▶ **What is needed**: Across the lines of the records below, how many have the string "view" in them? Answer with the number alone.

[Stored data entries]

◆ ◆ ◆

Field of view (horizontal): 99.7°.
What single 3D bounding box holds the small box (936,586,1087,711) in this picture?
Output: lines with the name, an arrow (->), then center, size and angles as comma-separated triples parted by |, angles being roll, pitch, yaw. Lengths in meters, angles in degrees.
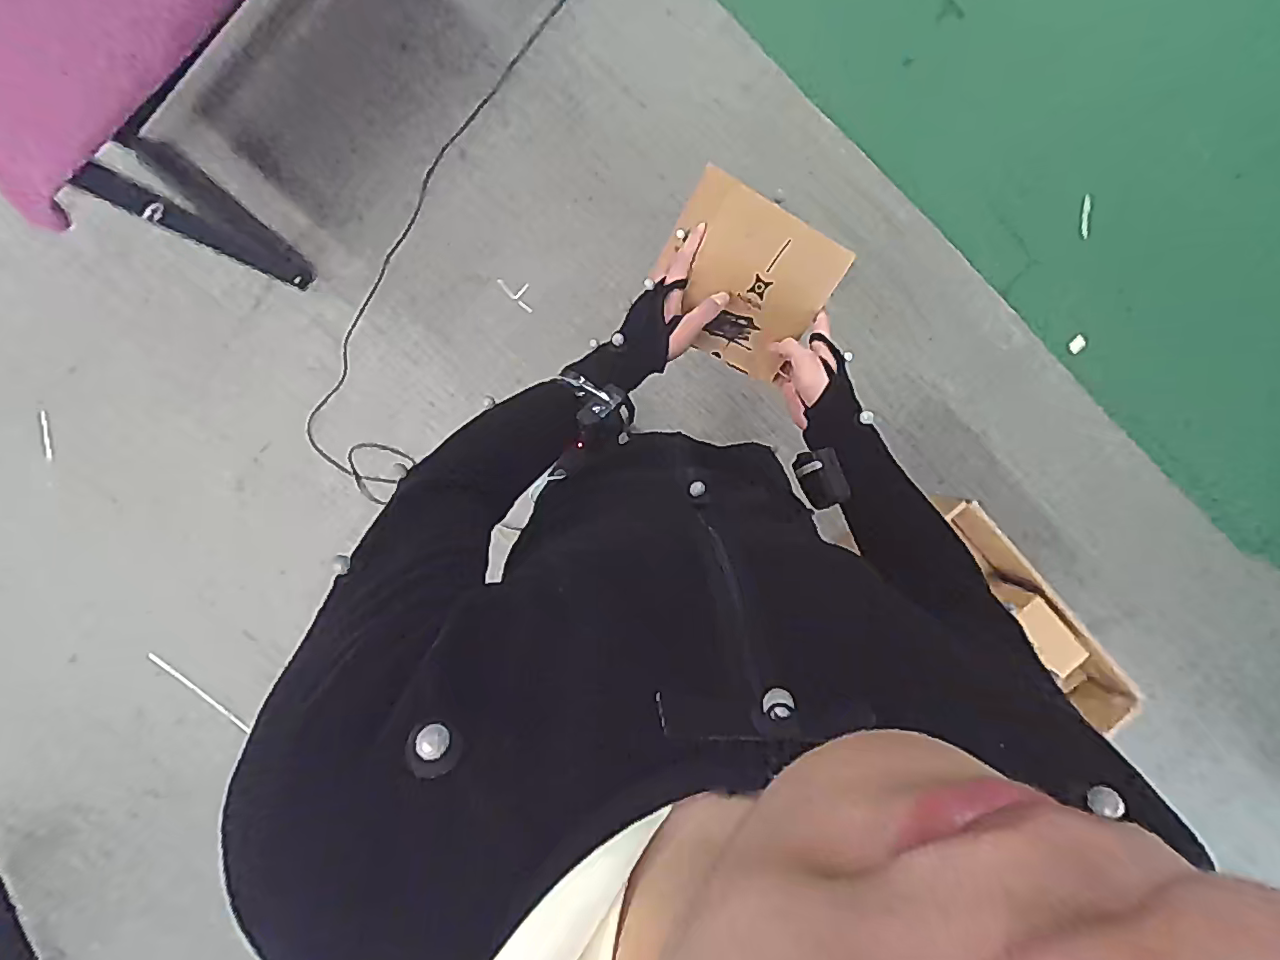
small box -> 0.793, 0.352, 1.176 | 0.168, 0.176, 0.179 | -42, 95, 3

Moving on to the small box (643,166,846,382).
small box -> 0.113, -0.258, 0.674 | 0.168, 0.176, 0.179 | 20, 121, -20
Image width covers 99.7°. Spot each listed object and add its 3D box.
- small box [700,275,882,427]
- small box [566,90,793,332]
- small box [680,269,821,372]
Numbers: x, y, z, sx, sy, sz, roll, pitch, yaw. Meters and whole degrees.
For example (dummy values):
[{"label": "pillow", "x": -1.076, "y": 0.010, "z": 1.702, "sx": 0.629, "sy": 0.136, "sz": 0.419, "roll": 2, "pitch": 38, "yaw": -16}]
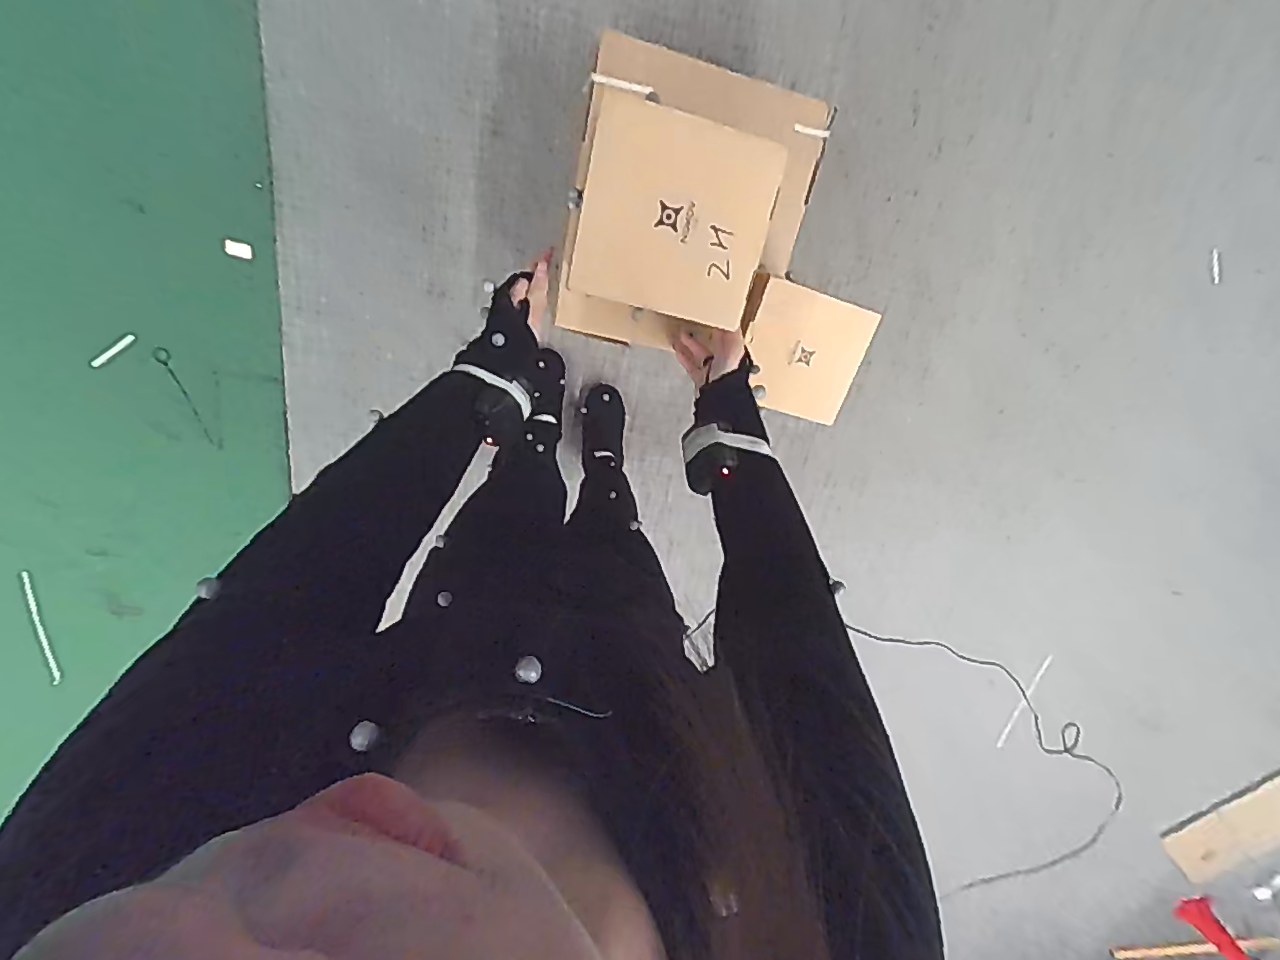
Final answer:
[{"label": "small box", "x": 0.210, "y": -0.199, "z": 0.805, "sx": 0.179, "sy": 0.176, "sz": 0.168, "roll": 13, "pitch": 111, "yaw": -14}, {"label": "small box", "x": 0.025, "y": -0.266, "z": 0.566, "sx": 0.179, "sy": 0.176, "sz": 0.168, "roll": 11, "pitch": 111, "yaw": -12}, {"label": "small box", "x": 0.180, "y": -0.273, "z": 0.947, "sx": 0.168, "sy": 0.176, "sz": 0.179, "roll": 12, "pitch": 110, "yaw": -14}]
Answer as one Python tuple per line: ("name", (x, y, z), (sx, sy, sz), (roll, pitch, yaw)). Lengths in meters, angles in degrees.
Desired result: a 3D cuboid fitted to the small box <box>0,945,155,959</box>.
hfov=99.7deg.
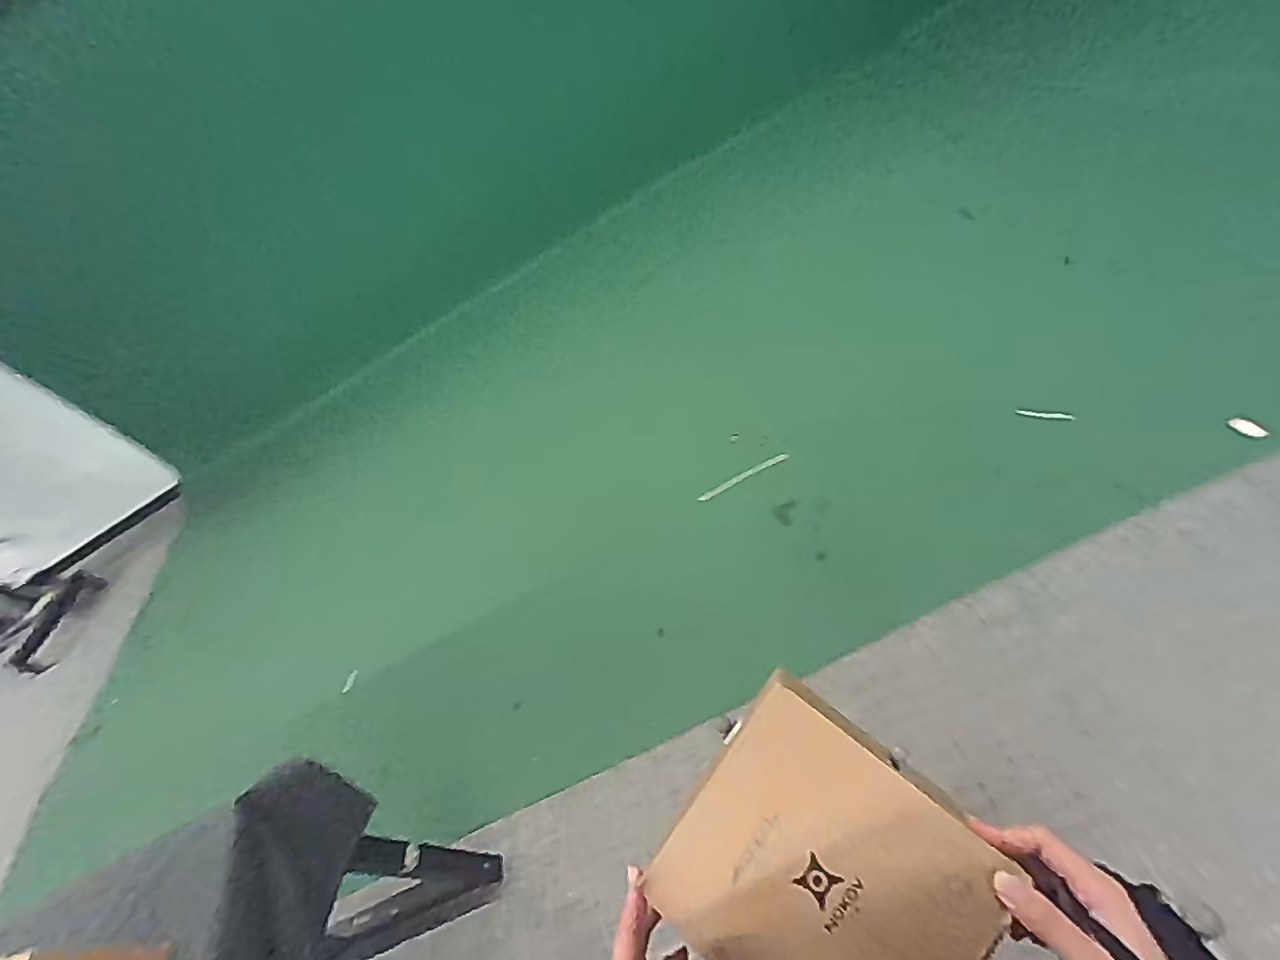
("small box", (-0.766, 0.705, 0.668), (0.168, 0.176, 0.179), (-24, 45, 13))
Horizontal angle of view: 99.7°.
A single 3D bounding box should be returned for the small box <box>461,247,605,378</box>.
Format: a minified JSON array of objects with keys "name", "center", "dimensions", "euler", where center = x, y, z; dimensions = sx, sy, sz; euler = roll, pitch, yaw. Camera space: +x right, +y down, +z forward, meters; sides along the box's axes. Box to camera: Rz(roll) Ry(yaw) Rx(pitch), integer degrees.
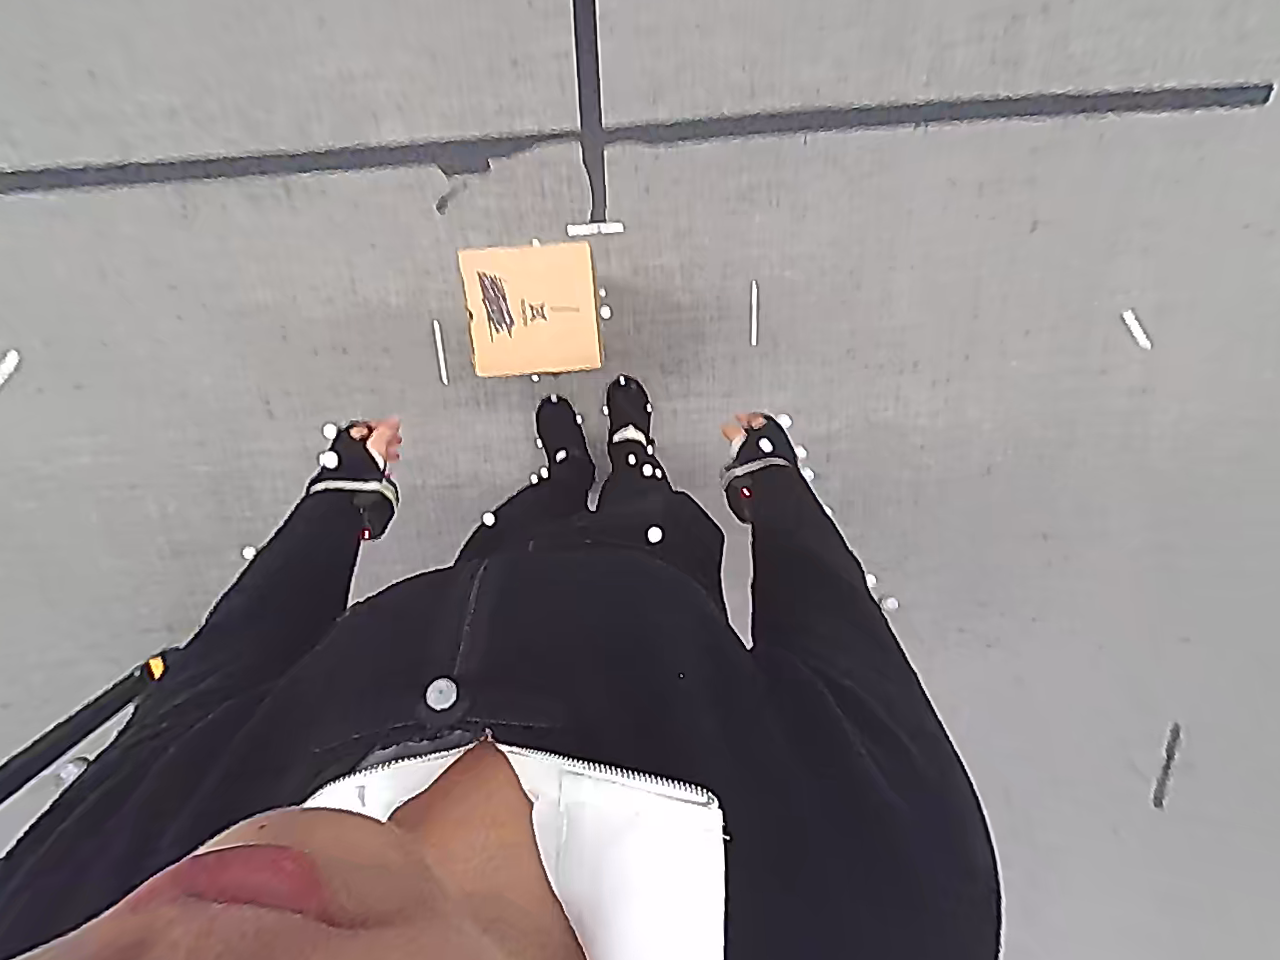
[{"name":"small box","center":[-0.147,-0.245,0.807],"dimensions":[0.179,0.176,0.168],"euler":[-4,107,-1]}]

◆ ◆ ◆

▶ **Answer to the problem**: 2